A.I. is becoming too pervasive and too important. In the op-ed piece that I did in The New York Times, I moved on from should we regulate A.I. to how do we regulate A.I.? To summarize it in a sentence, I would say rather than regulating A.I. as a fast-moving and somewhat amorphous field—what exactly is A.I. versus speech recognition versus computers versus big data—what we should be doing is regulating A.I. applications: If we have a self-driving car, obviously the National Highway Traffic Safety Administration needs to be looking closely at that to make sure that it’s safe. And if we have an application in medicine, we need to make sure that there’s compliance.
What we need to watch out for is that in the regulatory process we don’t stifle innovation, obviously.
X: Zooming in on what’s happening at AI2, you recently accepted English language teaching startup Blue Canoe Learning into your incubator as the first outside company, following internally developed startups Xnor.ai and KITT.AI.
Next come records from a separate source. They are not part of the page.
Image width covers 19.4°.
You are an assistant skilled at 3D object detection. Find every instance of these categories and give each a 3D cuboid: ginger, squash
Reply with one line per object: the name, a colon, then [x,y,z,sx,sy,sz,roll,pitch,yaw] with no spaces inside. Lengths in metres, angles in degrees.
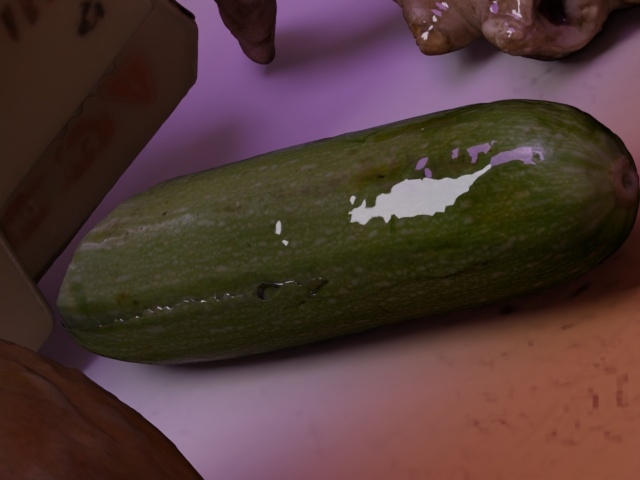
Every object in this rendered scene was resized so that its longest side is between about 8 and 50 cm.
ginger: [0.056,-0.102,0.727,0.288,0.075,0.089,2,55,38]
squash: [0.000,0.000,0.644,0.239,0.069,0.069,-13,39,35]

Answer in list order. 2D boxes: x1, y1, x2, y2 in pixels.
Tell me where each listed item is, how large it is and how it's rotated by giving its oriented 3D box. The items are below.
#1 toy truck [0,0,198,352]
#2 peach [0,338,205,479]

OE: We realized that we’ve had some success with KITT.AI being acquired by Baidu and the phenomenal traction that Xnor has been getting, so we said, Hey, maybe we ought to do more of this, and we hired some folks to make it happen.
There’s going to be a lot more coming from the incubator. We’re not a regional incubator. We’re not looking at the enterprise or any of those cuts. We’re looking at what are the best early stage A.I. companies that we can help launch? That’s been very appealing. We’ve gotten a ton of interest.
We’re space-bound and so we’re very selective. We can have no more than four operating at any one time.
X: The other recent news is around Semantic Scholar, the A.I.-augmented search engine for scientific literature—which we’re excited to hear more about from you next week. It’s now moving into biomedical research, roughly a year after it expanded to cover neuroscience. How do you select each new domain and prioritize where that is going?
OE: It’s very simple. When we rolled out neuroscience, we said this is our toe in the water, but we’re going to go to biomedicine next. Our goal is very much around saving lives. What you’re going to see a year from today is not, “Oh, we’ve added astronomy.” You’re going to see us still in biomedicine, but digging deeper into the A.I. For the foreseeable future, we’re all in on biomedicine and computer science.